◆ Work instructions ◆
All entries are to be transcribed verbatim, but images are not carried over.

*** Begin section ***

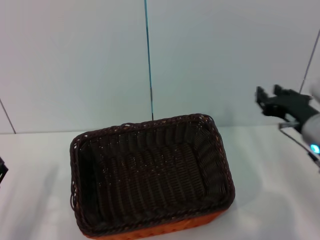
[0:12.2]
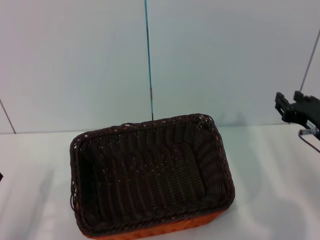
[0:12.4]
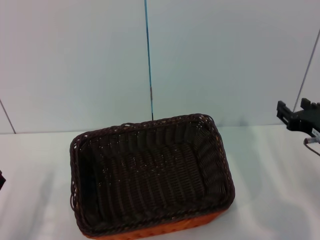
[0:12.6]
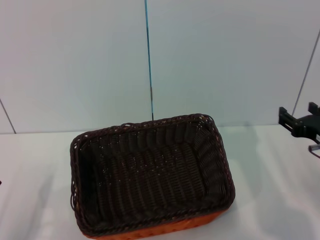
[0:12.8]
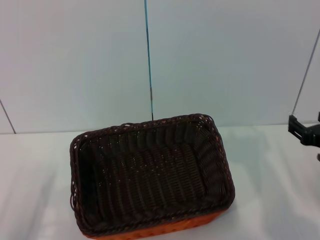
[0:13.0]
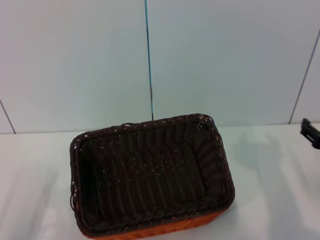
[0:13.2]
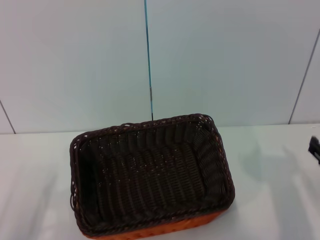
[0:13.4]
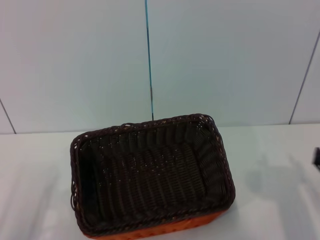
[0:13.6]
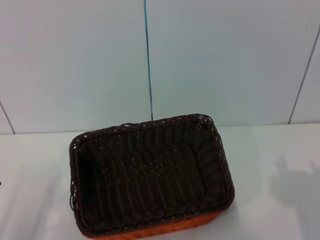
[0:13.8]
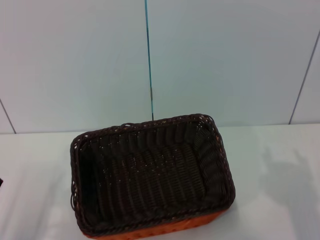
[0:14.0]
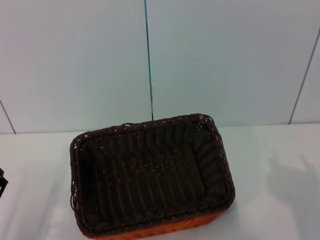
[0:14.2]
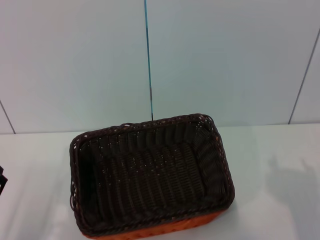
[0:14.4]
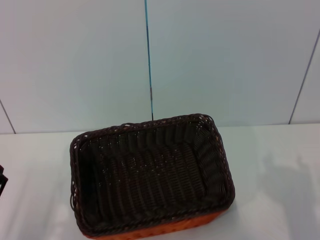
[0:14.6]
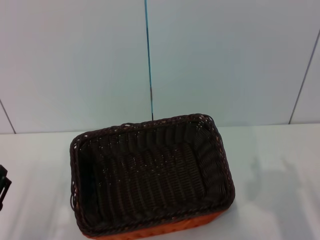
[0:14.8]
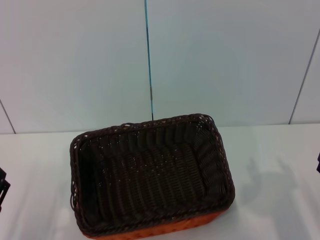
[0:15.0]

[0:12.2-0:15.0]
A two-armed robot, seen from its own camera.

*** End section ***

◆ Task result ◆
[0:12.2]
[0:12.4]
[0:12.6]
[0:12.8]
[0:13.0]
[0:13.2]
[0:13.4]
[0:13.6]
[0:13.8]
[0:14.0]
[0:14.2]
[0:14.4]
[0:14.6]
[0:14.8]
[0:15.0]

[0:12.2-0:15.0]
A two-armed robot, seen from its own camera.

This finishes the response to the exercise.